[<prev] [next>] [<thread-prev] [thread-next>] [day] [month] [year] [list]
Message-ID: <20160109033712.GA5955@ZenIV.linux.org.uk>
Date: Sat, 9 Jan 2016 03:37:12 +0000
From: Al Viro <viro@...IV.linux.org.uk>
To: Joshua Hudson <joshudson@...il.com>
Cc: linux-kernel <linux-kernel@...r.kernel.org>
Subject: Re: [PATCH] add support for larger files in minix filesystem
On Sun, Nov 01, 2015 at 07:56:36PM -0800, Joshua Hudson wrote:
> From: Joshua Hudson <joshudson@...il.com>
>
> The Minix v3 filesystem and kernel driver have no actual dependency on files
> being less than 2GB in size; however the kernel does not allow creating a
> file of 2GB or larger on a Minix v3 filesystem. I was able to remove the pseudo-
> dependency easily by changing one line of code (filesystems need to tell VFS
> how big of files they allow).
Umm... AFAICS, native Minix v3 fsck will throw a fit if it sees anything
between 2Gb and 4Gb and truncate the value. Seeing that it's their
format _and_ silent changes like that (especially hidden by something like
"you need to binary-patch the field at this offset in superblock first")

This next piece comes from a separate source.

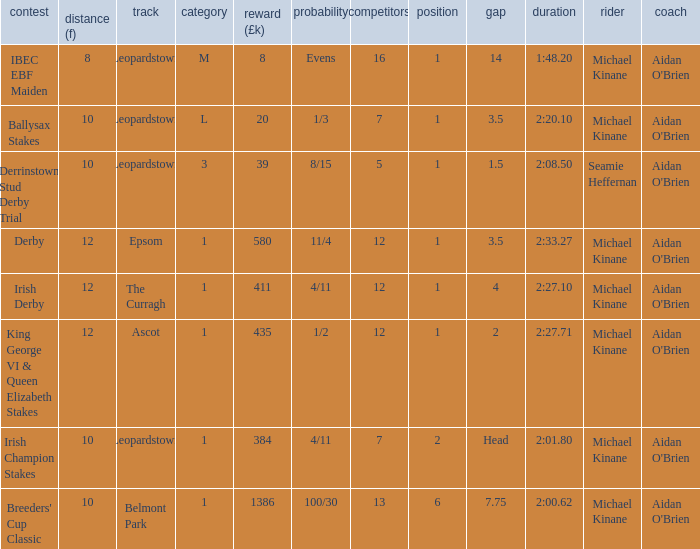Which Margin has a Dist (f) larger than 10, and a Race of king george vi & queen elizabeth stakes? 2.0. 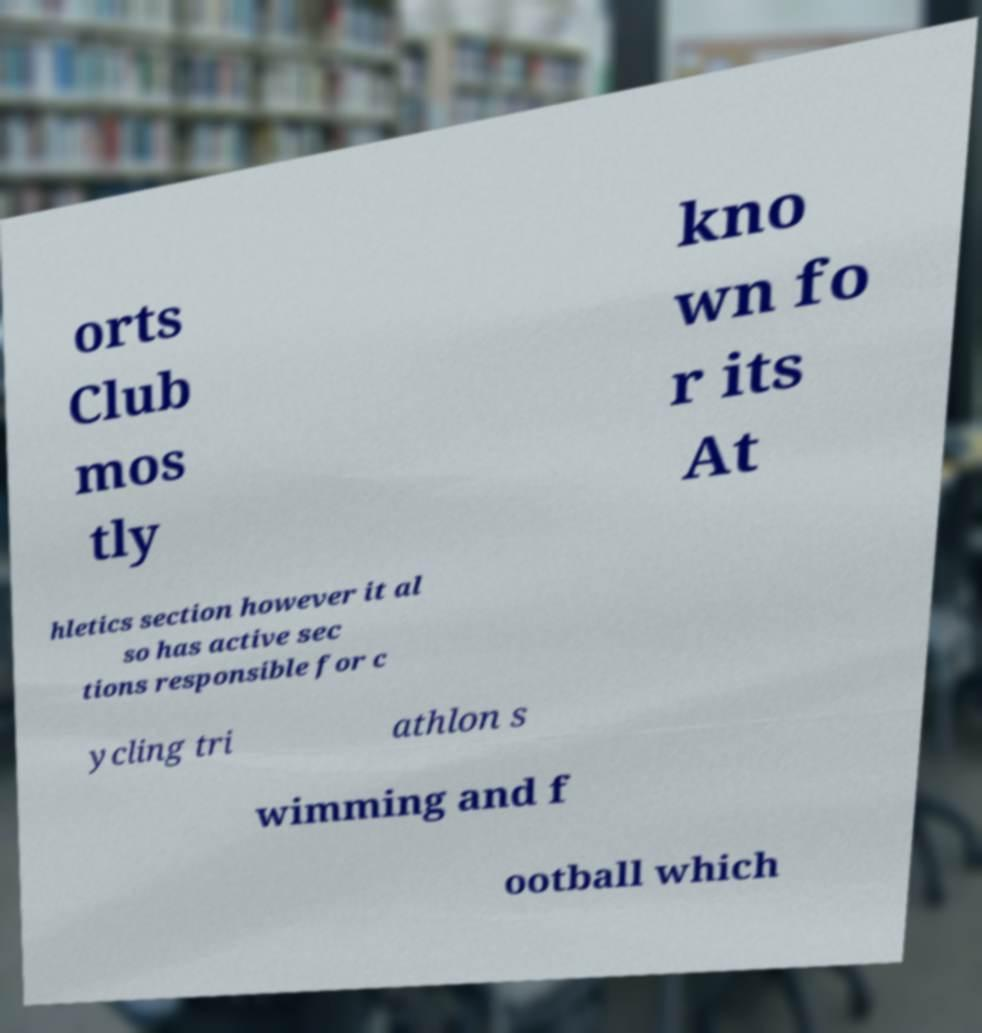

are generally considered rude.
I'd suggest you to talk to Minix folks and convince them to raise that limit;
if it's merely a matter of unhappy fsck, it shouldn't be hard, but if their
minix/mfs/*.c code would get unhappy on files longer than 2Gb, it would be
harder and in that case we _really_ shouldn't run around creating such files
there.
Seriously, talk to Minix folks first.